A common WireGuard MTU is around 1420, but measure for your path.
Git & SSH security (and how not to lose local access)
A VPN reduces the chance of interception on hostile Wi‑Fi and makes your traffic harder to profile. The practical win for developers: fewer opportunities for man‑in‑the‑middle attempts against SSH, Git credentials, and package managers. But you still need sane routing: keep access to your local subnets and internal endpoints.
| Use case | Exclude | Why |
|---|---|---|
| Home/office LAN | 192.168.0.0/16, 10.0.0.0/8 |
Keep access to NAS, routers, printers, internal test servers |
| Kubernetes / private VPC ranges | Specific subnets used by your cloud/VPC | Avoid accidental routing of private traffic through VPN exit |
| Local Docker networks | Docker bridge ranges (varies) | Prevent weird DNS/routing conflicts while building images |
Protocol latency benchmarks (what devs actually feel)

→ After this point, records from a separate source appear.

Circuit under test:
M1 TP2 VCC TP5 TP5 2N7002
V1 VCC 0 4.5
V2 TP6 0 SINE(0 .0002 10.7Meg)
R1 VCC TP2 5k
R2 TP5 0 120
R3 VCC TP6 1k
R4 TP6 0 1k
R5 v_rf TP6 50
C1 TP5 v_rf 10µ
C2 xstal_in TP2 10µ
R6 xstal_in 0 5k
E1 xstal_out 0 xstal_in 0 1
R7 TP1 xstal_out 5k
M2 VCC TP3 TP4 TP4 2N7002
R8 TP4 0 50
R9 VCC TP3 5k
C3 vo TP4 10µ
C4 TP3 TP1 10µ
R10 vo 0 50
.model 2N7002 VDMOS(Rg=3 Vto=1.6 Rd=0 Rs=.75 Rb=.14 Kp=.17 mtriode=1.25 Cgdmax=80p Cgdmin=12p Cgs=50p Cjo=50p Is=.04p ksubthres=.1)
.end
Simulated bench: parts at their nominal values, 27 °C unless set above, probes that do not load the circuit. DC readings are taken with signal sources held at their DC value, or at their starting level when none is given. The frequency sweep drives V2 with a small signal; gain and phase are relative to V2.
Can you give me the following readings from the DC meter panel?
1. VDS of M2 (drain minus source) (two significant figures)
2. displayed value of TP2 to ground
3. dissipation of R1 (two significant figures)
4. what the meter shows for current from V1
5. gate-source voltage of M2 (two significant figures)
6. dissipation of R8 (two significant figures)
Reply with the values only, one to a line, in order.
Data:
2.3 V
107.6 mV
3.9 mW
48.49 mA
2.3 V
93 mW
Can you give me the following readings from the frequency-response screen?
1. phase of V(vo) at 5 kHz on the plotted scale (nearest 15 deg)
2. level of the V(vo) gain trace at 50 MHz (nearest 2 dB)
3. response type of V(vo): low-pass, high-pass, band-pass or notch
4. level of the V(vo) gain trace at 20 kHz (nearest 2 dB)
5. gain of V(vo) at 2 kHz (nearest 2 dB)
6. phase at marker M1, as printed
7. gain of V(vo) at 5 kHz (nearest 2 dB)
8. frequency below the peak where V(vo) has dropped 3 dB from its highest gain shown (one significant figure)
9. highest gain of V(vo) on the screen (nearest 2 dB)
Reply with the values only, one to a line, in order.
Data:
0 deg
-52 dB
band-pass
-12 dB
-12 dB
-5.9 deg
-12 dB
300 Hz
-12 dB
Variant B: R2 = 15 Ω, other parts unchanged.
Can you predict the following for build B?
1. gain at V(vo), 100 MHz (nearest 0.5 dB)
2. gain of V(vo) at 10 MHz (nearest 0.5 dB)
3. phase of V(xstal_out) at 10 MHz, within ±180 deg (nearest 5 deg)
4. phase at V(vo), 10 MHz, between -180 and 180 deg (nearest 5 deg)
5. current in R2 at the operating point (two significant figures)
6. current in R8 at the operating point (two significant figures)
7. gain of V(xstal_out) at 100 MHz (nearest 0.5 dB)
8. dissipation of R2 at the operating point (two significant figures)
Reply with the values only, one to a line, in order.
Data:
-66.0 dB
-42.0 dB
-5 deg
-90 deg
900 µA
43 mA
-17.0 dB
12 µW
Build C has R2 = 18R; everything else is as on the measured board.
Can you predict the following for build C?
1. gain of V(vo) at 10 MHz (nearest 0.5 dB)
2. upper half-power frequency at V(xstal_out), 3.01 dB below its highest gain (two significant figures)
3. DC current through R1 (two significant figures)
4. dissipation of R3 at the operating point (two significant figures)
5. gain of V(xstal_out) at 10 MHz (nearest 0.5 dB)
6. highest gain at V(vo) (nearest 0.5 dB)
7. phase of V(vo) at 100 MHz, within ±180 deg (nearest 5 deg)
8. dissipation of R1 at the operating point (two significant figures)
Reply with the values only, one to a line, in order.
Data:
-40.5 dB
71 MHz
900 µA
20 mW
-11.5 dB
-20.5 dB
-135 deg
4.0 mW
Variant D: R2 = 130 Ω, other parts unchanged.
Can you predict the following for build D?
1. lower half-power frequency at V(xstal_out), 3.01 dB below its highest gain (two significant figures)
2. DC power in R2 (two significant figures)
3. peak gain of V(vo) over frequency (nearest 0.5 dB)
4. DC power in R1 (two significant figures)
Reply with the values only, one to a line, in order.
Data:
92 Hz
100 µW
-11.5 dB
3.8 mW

Download speed is not your main metric. Developers feel latency: SSH responsiveness, API round trips, and Git fetch/push time. WireGuard usually wins because it is lightweight, runs efficiently, and avoids a heavy TLS handshake.
| Protocol | Typical latency impact | Handshake speed | Why it behaves that way |
|---|---|---|---|
| WireGuard (UDP) | Low | Very fast | Lean crypto, minimal overhead, efficient keepalives |
| OpenVPN (UDP) | Medium | Slower | TLS + user-space overhead, heavier control channel |
| OpenVPN (TCP 443) | Medium–High | Slower | TCP-over-TCP can amplify congestion and retries |
| IKEv2 | Low–Medium | Fast reconnect | Good roaming; solid in many stacks |
The developer’s toolkit (verify the environment)
Treat your VPN like infrastructure. Verify DNS, routes, and jitter before you assume “the VPN is slow”. These tools are lightweight and work everywhere.
- mtr — combined ping + traceroute to spot jitter and packet loss.
- dig — inspect resolvers and test DNS behaviour.
- tcpdump — confirm which interface actually carries traffic.
- curl — verify IP, headers, and routing quickly from scripts.
When corporate networks block VPNs (TLS stealth on TCP 443)
Some office Wi‑Fi setups block UDP or known VPN signatures. In those cases, OpenVPN over TCP 443 can blend into standard HTTPS traffic. It’s not the fastest option, but it’s often the most reliable way to get a tunnel when you’re behind strict filters.